Golgi-Apparat: Hier werden die vom rauen Endoplasmatischen Retikulum produzierten Proteine und Fette modifiziert, sortiert und durch Vesikel (in der Zelle gelegene Bläschen) in der Zelle verteilt oder ausgeschleust.
Zellmembran: Besteht aus einer Doppelmembran und schließt die Zelle nach außen ab; die Bestandteile sind Proteine und Fette.
Lysosom: Enthält Enzyme, die Fremdstoffe und körpereigene Stoffe abbauen.
Peroxisom: Spielt eine wichtige Rolle bei der Verstoffwechselung von zellulären Abfall- und Zwischenprodukten und ermöglicht die Entgiftung von reaktiven Sauerstoffverbindungen.
2.3.2 Die Symbiose mit den Bakterien
Zusätzlich zu unseren eigenen ca. 50–100 Billionen Zellen lebt jeder von uns in Symbiose mit einer Vielzahl von Bakterien. Dabei übersteigt die Menge der Bakterienzellen bei Weitem die Anzahl unserer eigenen Körperzellen. Grob geschätzt haben die Bakterien ungefähr 150-mal mehr Gene, als wir selbst an menschlichen Genen haben. Der Mensch ist im Prinzip ein Ökosystem; es beheimatet viele verschiedene Bakterien mit unterschiedlichen Aufgaben im Gesamtsystem: Sie spalten unverdauliches Essen auf, bauen Gifte und Medikamente ab, trainieren das Immunsystem und produzieren eine Reihe von unverzichtbaren Stoffen. Dabei hat jeder Mensch seine ureigene Sammlung von Bakterien. Theoretisch wäre es möglich, einen sehr individuellen bakteriellen Fingerabdruck zu nehmen.
Nun stellt sich die Frage, woraus sich dann eigentlich unser »Ich« bildet, wenn wir erst durch so viele körperfremde Zellen als eigenständiger Gesamtorganismus lebensfähig werden und ohne diese Symbiose sofort sterben würden. Hier zeigt sich die unermessliche Intelligenz der Natur und biologischer Systeme: Erst durch Kooperation entsteht die Grundlage für höhere Lebensformen. Gäbe es diese Zusammenschlüsse nicht, die wir überall in der Natur finden, hätte sich das Leben nicht über ein paar primitive Formen hinaus entwickeln können.
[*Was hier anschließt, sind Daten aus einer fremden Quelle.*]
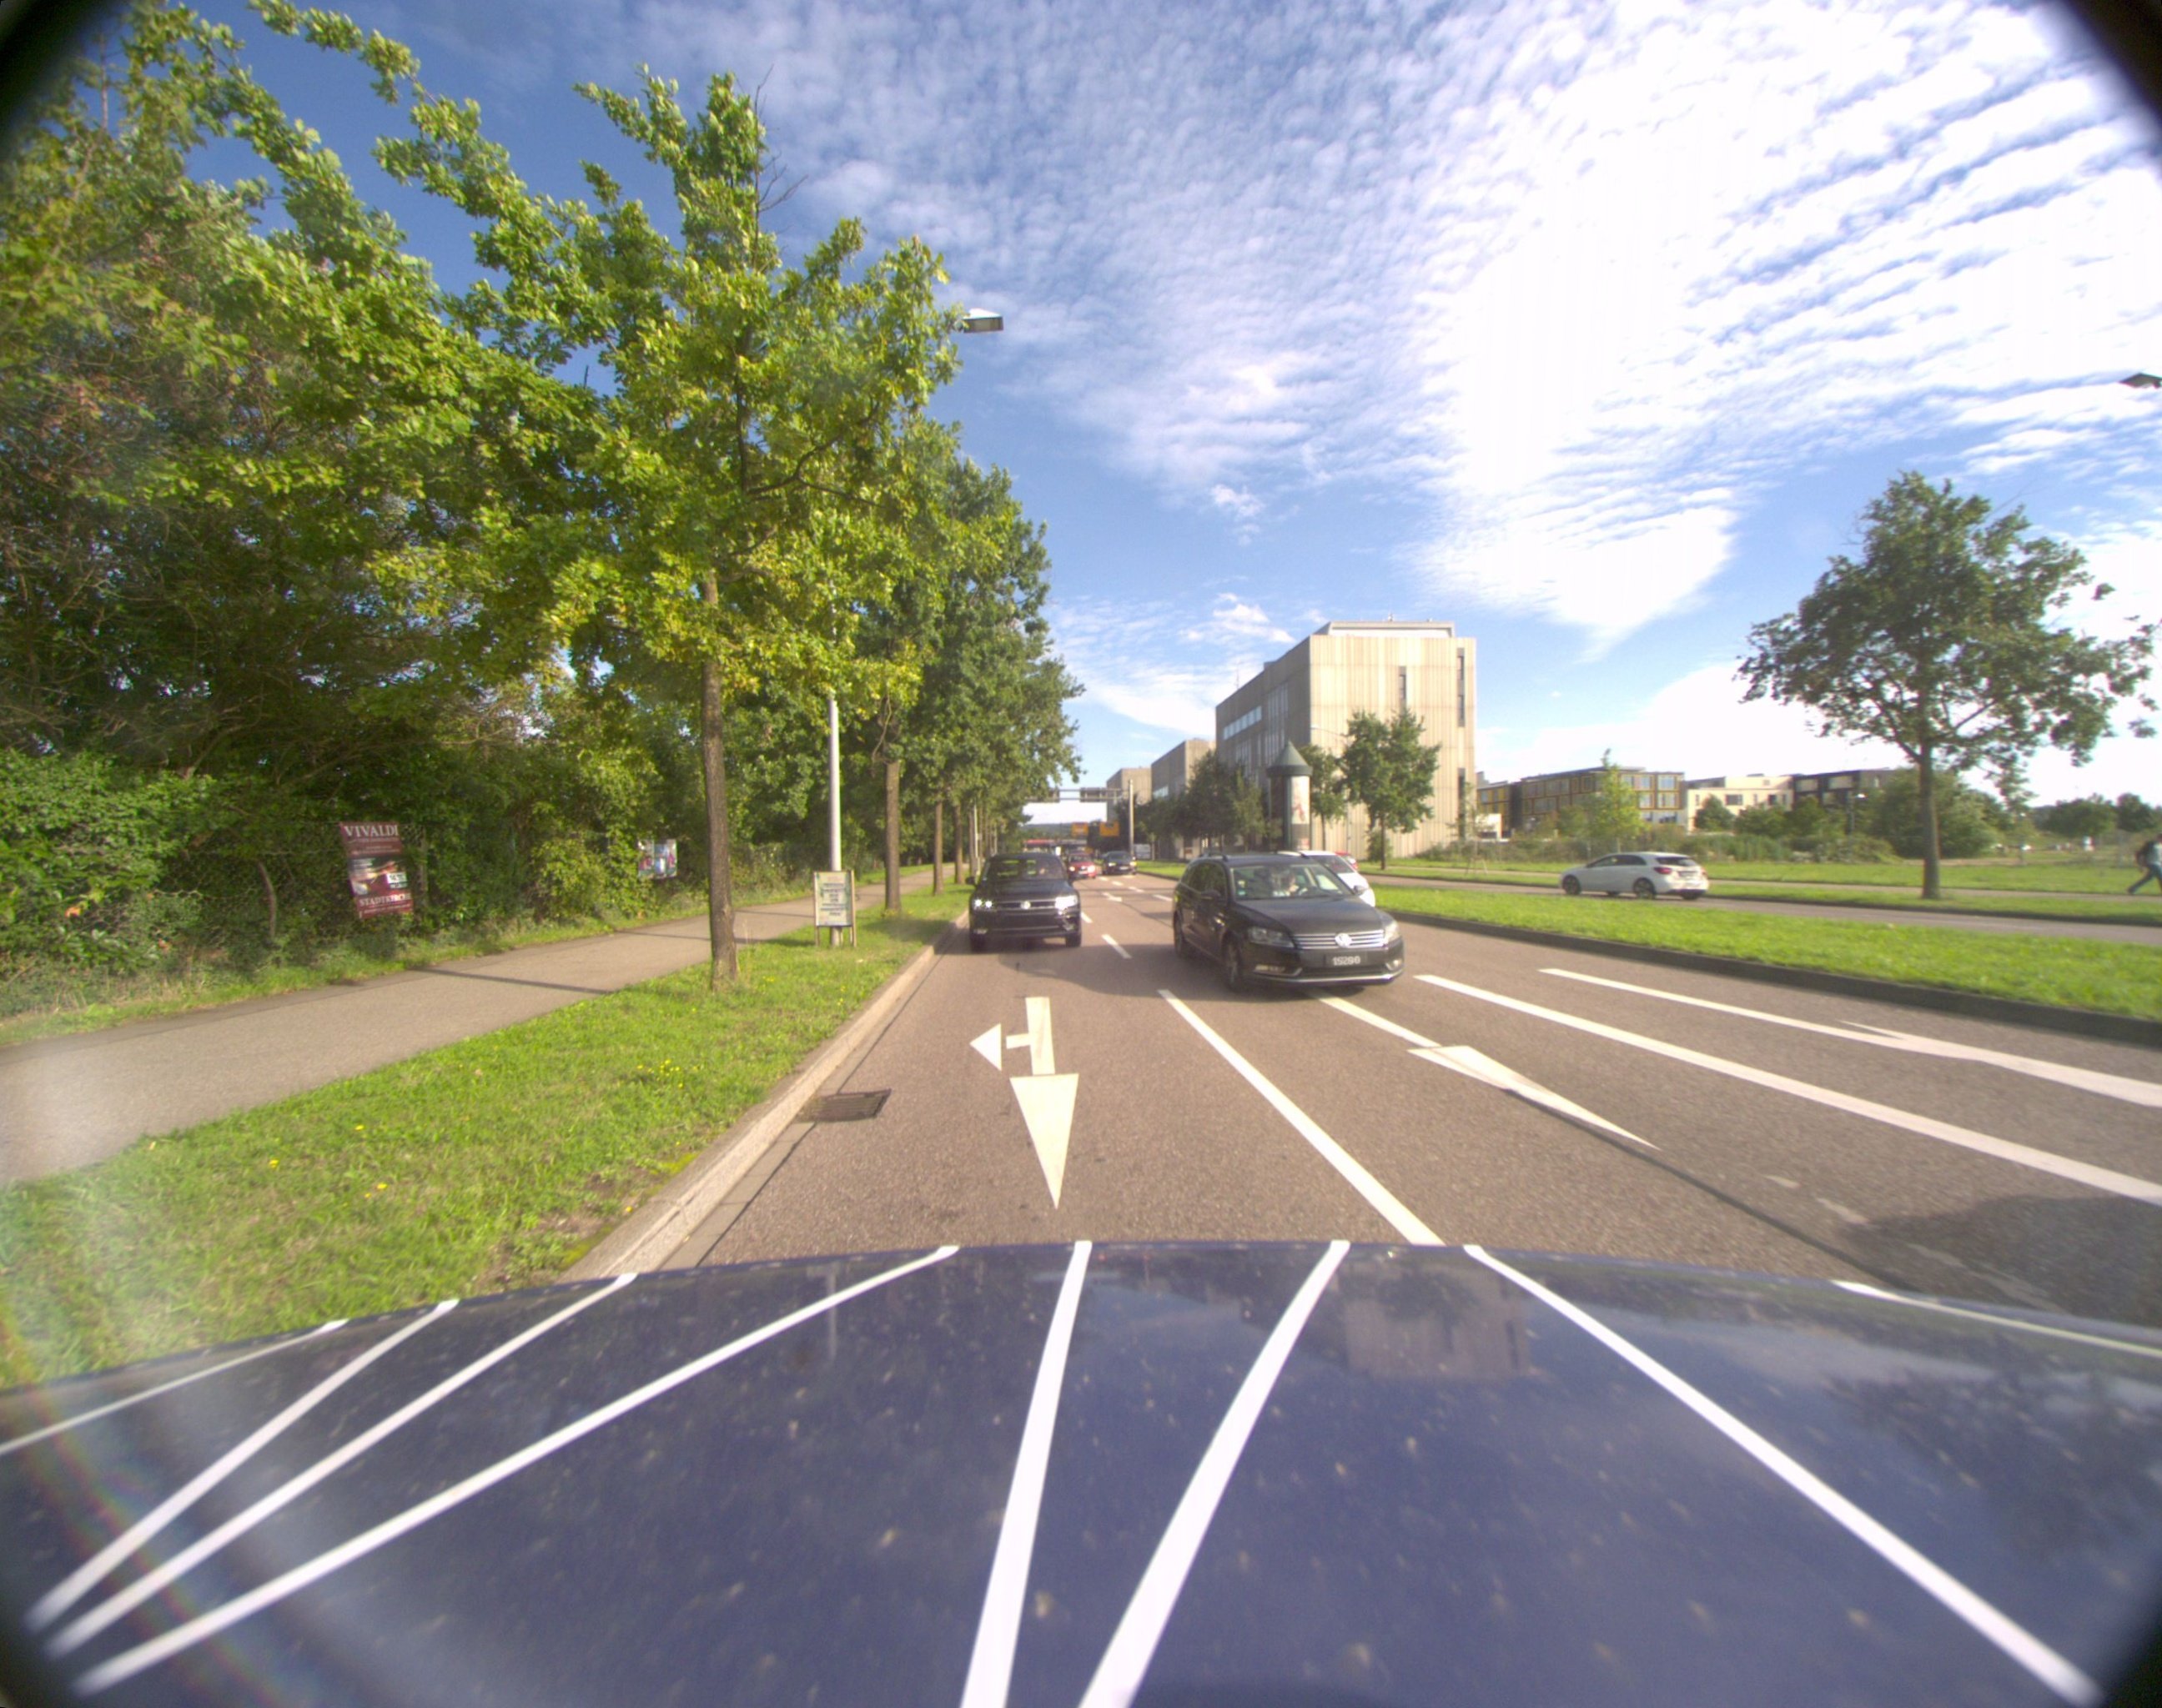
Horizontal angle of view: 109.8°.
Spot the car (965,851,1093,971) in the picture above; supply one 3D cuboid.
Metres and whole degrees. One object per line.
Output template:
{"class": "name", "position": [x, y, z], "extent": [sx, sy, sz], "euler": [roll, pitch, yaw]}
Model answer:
{"class": "car", "position": [-1.001, 0.863, 14.173], "extent": [1.872, 1.685, 5.012], "euler": [-3, 1, -5]}

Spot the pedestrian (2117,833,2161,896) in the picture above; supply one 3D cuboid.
{"class": "pedestrian", "position": [27.903, 0.271, 19.896], "extent": [0.628, 1.620, 0.657], "euler": [-2, 1, -2]}

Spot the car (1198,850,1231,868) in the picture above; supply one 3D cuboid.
{"class": "car", "position": [11.621, 0.406, 66.307], "extent": [1.856, 1.425, 4.066], "euler": [-1, 0, -5]}

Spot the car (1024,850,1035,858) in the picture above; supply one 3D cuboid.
{"class": "car", "position": [-8.461, -0.036, 125.219], "extent": [1.737, 1.381, 3.998], "euler": [-1, 0, -5]}

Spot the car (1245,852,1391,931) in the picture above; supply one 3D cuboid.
{"class": "car", "position": [4.973, 0.713, 16.472], "extent": [1.766, 1.456, 3.658], "euler": [-2, 1, -5]}

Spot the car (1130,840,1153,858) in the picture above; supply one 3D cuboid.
{"class": "car", "position": [7.837, -0.663, 98.818], "extent": [2.033, 2.241, 5.538], "euler": [1, 0, -5]}

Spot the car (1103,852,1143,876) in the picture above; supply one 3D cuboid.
{"class": "car", "position": [2.602, 0.590, 47.877], "extent": [1.824, 1.412, 4.444], "euler": [-2, 1, -5]}

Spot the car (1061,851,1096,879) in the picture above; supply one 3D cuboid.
{"class": "car", "position": [-0.195, 0.627, 44.323], "extent": [1.694, 1.466, 4.224], "euler": [-2, 1, -5]}

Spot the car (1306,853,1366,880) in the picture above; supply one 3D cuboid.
{"class": "car", "position": [14.233, 0.644, 42.655], "extent": [1.686, 1.425, 3.587], "euler": [-1, 0, -10]}

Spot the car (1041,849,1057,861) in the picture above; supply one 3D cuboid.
{"class": "car", "position": [-4.635, 0.102, 108.356], "extent": [2.000, 1.652, 4.800], "euler": [-1, 0, -6]}

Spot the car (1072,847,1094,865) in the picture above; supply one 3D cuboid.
{"class": "car", "position": [0.146, 0.200, 74.665], "extent": [1.694, 1.467, 4.223], "euler": [-3, 3, -5]}

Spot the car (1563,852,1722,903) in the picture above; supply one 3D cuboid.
{"class": "car", "position": [17.352, 0.675, 23.754], "extent": [1.685, 1.425, 3.991], "euler": [-1, 0, -8]}

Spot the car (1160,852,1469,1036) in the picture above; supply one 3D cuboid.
{"class": "car", "position": [2.423, 0.819, 9.410], "extent": [1.999, 1.557, 4.842], "euler": [-3, 1, -4]}

Wenn wir von der Intelligenz der einzelnen Zellen sprechen, so wie es der Zellbiologe Dr. Bruce Lipton tut, können wir den Menschen und sein »Ich« auch als den intelligenten Zusammenschluss von 50 Billionen einzelnen individuellen Lebensformen betrachten: Die Individuen haben sich zu einem sinnvollen größeren Ganzen zusammengeschlossen.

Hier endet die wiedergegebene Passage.